49
Первые дни плавания прошли без сучка без задоринки. Я вел двойную бухгалтерию, которой научил меня Кристобаль.
У лоцманов открытого моря появилась досадная привычка отклоняться от курса на четверть мили к северу, и это вынуждало Колона, уверенного в нашем пребывании на широте Сипанго, часто их поправлять, твердя, что нам следует двигаться строго на запад.
Пятнадцатого сентября с неба на океан примерно в четверти лье от наших кораблей обрушился огненный столб. Матросы увидели в этом знак – дескать, флотилия сбилась с дороги, и хотели изменить курс, но адмирал упорно держался своего.

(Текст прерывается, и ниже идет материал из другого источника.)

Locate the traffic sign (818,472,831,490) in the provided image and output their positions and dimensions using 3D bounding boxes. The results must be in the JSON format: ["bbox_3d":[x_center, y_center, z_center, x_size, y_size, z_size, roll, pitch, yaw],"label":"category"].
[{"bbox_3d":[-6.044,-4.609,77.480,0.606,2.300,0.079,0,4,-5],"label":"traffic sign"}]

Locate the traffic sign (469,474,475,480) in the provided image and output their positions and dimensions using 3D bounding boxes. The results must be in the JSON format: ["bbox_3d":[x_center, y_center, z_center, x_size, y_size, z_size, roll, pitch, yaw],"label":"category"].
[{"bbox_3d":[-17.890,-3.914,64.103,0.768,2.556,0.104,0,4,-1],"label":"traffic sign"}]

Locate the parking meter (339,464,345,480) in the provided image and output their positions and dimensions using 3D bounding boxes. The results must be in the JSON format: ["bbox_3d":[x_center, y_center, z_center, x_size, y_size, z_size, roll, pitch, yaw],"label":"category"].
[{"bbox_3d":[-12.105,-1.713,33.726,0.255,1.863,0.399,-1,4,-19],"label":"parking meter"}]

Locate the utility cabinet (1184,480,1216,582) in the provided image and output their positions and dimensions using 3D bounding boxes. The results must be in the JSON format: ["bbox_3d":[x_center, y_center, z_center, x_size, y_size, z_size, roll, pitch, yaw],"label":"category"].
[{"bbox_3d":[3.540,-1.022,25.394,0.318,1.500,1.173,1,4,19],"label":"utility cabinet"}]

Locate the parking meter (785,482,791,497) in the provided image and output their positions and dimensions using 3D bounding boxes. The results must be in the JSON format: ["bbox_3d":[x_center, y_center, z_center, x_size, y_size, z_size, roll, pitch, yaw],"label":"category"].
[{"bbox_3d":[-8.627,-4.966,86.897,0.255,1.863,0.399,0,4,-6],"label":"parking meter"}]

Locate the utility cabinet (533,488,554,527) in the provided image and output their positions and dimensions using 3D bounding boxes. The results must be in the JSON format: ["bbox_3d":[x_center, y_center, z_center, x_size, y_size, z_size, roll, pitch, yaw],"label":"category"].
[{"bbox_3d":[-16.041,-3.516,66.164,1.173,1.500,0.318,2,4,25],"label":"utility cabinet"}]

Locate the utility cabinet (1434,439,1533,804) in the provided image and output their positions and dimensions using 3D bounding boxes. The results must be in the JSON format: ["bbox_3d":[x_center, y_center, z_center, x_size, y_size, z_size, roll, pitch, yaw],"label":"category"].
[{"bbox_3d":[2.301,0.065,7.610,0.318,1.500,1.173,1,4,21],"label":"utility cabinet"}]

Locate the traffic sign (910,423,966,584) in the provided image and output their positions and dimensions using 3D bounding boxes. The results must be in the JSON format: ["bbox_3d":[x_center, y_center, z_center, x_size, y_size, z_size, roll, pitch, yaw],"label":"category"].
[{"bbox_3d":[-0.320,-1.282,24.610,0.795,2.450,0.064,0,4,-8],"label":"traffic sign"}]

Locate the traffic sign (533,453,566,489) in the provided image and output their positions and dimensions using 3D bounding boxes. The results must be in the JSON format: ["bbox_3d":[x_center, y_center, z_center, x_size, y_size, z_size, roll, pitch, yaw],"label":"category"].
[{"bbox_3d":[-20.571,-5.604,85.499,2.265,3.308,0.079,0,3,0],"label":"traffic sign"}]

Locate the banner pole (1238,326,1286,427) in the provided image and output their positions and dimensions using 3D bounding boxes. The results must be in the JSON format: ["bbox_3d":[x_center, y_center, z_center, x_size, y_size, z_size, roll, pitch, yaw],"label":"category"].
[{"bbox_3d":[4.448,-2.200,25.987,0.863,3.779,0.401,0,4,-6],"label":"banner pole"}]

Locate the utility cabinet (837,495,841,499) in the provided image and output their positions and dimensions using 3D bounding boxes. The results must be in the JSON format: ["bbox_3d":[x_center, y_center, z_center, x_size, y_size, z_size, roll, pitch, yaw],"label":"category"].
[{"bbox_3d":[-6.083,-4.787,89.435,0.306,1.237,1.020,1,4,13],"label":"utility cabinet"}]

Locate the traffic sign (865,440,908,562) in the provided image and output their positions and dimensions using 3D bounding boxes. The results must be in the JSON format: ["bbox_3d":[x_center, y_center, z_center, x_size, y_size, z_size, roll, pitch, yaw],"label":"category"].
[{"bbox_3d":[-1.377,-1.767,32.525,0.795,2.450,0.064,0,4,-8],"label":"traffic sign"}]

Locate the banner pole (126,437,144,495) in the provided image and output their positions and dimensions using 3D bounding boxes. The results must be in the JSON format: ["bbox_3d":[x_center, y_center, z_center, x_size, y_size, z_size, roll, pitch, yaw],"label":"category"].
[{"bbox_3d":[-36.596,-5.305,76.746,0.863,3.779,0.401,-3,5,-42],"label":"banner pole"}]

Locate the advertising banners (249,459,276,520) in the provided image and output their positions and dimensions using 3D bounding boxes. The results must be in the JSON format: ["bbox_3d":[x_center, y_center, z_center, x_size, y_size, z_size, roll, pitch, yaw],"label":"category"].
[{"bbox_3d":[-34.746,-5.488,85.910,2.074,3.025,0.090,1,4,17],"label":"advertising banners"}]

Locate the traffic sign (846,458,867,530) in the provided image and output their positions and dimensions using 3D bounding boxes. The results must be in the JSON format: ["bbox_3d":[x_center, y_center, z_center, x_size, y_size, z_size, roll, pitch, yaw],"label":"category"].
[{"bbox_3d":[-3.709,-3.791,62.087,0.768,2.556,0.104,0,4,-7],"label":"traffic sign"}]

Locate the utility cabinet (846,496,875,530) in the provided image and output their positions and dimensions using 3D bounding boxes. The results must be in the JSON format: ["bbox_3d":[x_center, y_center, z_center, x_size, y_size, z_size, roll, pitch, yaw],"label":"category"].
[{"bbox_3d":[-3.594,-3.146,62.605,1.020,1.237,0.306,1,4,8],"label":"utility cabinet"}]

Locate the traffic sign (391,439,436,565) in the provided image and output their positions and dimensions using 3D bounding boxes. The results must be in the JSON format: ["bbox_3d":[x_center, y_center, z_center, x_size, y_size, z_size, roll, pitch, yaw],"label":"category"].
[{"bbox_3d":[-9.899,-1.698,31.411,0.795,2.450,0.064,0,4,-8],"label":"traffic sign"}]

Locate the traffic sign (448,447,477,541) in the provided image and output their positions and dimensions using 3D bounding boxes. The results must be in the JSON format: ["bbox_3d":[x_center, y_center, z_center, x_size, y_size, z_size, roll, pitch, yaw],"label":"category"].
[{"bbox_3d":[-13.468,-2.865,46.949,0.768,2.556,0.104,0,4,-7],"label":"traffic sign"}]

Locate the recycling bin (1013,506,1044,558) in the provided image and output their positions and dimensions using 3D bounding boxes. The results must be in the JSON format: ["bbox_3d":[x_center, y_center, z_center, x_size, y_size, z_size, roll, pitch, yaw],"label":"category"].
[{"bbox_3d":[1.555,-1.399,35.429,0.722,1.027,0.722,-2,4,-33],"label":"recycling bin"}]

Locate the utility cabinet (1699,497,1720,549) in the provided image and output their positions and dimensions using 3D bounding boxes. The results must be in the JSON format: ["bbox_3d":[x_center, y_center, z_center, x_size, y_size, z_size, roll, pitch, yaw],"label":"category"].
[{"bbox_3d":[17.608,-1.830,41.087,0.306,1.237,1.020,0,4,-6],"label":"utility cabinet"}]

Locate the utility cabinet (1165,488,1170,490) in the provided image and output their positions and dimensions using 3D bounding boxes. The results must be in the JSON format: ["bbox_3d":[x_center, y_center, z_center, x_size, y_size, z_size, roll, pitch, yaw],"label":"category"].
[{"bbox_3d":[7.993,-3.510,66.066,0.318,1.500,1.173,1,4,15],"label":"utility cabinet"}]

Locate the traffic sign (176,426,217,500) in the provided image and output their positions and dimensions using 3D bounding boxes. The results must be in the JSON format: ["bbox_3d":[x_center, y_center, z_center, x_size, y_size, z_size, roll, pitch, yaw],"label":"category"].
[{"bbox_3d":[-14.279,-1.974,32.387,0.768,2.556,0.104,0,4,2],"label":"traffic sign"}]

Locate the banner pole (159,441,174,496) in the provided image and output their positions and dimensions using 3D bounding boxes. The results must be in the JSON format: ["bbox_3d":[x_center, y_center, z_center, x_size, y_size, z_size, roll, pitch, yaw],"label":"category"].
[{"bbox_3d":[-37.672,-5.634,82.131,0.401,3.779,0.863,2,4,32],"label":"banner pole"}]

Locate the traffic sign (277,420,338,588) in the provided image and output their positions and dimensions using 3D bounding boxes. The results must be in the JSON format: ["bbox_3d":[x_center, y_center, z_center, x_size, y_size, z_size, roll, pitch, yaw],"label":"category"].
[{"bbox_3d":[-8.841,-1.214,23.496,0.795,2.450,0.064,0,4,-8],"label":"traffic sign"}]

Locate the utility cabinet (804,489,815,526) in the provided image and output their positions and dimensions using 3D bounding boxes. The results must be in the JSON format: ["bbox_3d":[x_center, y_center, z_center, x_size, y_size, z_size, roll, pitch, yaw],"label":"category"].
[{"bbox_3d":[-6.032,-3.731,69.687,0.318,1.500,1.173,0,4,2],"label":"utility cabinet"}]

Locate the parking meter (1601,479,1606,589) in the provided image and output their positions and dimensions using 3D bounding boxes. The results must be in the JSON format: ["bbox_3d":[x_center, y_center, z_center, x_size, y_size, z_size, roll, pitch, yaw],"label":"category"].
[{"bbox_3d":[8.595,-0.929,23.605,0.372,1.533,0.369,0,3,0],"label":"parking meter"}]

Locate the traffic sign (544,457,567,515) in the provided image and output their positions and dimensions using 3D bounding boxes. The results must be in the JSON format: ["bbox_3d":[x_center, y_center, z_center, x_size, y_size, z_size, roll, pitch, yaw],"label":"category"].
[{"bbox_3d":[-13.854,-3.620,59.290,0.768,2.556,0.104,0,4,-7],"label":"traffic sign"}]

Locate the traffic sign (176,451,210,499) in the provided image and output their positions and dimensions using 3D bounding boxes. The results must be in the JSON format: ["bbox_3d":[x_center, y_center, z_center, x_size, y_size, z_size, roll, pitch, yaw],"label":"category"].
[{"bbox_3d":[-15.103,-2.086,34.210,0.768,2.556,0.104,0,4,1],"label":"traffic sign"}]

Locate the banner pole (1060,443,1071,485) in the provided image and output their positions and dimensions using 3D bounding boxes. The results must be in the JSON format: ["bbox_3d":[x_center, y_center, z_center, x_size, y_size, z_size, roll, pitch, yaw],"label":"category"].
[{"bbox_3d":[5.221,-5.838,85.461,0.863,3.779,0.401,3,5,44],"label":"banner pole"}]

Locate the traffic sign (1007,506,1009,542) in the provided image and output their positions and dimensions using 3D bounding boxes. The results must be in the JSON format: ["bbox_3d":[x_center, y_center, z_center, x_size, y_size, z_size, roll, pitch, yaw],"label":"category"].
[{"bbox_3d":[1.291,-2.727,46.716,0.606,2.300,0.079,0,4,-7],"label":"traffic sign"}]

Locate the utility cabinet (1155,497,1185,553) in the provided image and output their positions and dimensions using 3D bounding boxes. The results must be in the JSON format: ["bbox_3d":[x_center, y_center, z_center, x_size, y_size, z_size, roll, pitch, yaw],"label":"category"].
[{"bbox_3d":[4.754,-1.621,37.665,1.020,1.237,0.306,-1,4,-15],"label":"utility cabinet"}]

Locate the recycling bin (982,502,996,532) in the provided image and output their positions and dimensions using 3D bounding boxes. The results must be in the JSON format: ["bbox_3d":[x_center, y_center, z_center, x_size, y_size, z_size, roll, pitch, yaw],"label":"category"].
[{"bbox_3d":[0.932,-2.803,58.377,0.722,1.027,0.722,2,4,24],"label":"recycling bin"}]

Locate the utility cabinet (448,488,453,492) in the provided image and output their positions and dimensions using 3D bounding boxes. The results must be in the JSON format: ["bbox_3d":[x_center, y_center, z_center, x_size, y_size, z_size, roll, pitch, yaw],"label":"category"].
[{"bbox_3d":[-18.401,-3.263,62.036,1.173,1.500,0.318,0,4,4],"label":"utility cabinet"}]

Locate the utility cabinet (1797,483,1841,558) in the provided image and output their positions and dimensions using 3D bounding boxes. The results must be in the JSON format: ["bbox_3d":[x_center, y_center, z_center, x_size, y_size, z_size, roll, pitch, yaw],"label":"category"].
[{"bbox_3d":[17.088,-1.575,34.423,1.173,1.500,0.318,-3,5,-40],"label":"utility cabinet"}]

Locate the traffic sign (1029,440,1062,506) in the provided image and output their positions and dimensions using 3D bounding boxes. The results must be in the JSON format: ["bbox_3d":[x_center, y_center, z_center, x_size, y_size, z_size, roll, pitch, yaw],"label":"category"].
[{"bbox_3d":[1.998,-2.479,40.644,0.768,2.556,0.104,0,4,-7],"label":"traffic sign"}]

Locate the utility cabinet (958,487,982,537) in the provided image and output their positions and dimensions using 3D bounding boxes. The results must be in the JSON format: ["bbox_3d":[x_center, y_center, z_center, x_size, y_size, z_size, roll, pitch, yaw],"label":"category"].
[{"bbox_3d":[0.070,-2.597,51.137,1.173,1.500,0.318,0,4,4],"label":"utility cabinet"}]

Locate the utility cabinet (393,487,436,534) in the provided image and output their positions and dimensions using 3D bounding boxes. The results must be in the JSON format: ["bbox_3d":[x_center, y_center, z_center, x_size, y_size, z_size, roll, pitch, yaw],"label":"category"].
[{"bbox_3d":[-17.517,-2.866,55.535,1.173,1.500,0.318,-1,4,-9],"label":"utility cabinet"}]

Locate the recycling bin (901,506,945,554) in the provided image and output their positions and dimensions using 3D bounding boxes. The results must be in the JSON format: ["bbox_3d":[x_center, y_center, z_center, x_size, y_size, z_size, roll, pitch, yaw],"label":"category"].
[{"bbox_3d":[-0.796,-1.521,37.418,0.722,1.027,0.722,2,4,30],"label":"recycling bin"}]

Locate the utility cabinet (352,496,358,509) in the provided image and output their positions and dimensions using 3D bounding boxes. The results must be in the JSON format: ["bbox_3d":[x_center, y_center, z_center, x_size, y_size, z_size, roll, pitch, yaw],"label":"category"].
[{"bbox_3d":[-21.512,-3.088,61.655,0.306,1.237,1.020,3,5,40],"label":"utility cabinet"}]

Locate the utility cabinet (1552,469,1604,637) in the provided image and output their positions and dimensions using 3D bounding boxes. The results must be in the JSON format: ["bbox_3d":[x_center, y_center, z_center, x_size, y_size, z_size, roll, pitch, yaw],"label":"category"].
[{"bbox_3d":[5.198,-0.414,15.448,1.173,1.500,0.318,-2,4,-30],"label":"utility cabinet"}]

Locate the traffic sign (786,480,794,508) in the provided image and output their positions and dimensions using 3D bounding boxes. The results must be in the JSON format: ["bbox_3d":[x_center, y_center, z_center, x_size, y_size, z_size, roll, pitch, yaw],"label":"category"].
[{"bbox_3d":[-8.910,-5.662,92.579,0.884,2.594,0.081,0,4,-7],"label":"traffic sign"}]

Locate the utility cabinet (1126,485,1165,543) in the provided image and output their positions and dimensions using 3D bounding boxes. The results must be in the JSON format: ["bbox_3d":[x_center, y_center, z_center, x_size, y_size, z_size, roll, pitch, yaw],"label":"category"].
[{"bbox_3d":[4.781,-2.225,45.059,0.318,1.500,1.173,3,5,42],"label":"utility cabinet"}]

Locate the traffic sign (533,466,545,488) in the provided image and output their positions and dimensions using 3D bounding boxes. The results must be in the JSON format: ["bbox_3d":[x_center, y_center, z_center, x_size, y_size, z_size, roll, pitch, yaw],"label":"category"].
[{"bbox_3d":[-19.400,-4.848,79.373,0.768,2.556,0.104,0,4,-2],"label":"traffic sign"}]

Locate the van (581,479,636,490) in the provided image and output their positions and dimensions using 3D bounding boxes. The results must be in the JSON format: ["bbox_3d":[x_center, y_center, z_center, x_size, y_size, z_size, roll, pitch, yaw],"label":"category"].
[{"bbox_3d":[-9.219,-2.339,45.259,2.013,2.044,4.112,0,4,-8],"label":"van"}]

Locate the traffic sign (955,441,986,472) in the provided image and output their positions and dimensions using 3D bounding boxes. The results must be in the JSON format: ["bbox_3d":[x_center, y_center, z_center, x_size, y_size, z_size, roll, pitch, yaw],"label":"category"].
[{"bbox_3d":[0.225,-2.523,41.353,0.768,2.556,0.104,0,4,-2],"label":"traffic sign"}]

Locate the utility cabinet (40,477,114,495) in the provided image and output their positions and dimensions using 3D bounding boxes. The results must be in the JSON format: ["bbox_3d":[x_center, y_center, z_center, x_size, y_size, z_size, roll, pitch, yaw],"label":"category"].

Шестнадцатого сентября наши каравеллы вошли в обширное зеленое пространство: поверхность океана была здесь устлана водорослями, напоминавшими речные, сквозь них то и дело проглядывали какие-то веточки, сучки и стебли тростника… Матросов это сильно возбудило, они решили, что берег уже где-то рядом , а когда я с помощью бечевки и кусочка мяса к вечеру выловил краба, возбуждение экипажа достигло апогея. Я отнес свой ошеломляющий улов Колону, и он, рассмотрев краба, пришел к выводу, что подобная особь не могла бы выжить дальше чем в двадцати четырех лье от берега.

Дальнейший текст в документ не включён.